Task input below:
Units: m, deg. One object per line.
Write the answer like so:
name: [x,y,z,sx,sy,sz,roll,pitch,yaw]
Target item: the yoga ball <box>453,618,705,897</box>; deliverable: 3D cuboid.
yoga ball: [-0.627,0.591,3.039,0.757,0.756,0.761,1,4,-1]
End of Task input.
Task input below:
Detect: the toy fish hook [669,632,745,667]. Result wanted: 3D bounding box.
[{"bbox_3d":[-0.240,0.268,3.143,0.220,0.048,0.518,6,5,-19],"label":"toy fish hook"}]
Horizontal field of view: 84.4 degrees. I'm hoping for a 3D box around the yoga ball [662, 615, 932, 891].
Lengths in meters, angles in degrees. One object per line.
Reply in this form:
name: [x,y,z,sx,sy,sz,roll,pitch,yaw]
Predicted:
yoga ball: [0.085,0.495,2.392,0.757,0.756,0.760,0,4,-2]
End of Task input.
» What the exercise asks:
The lines above that hold the word "degrees" need counting; write the count and nothing more.

» Output of the exercise:
2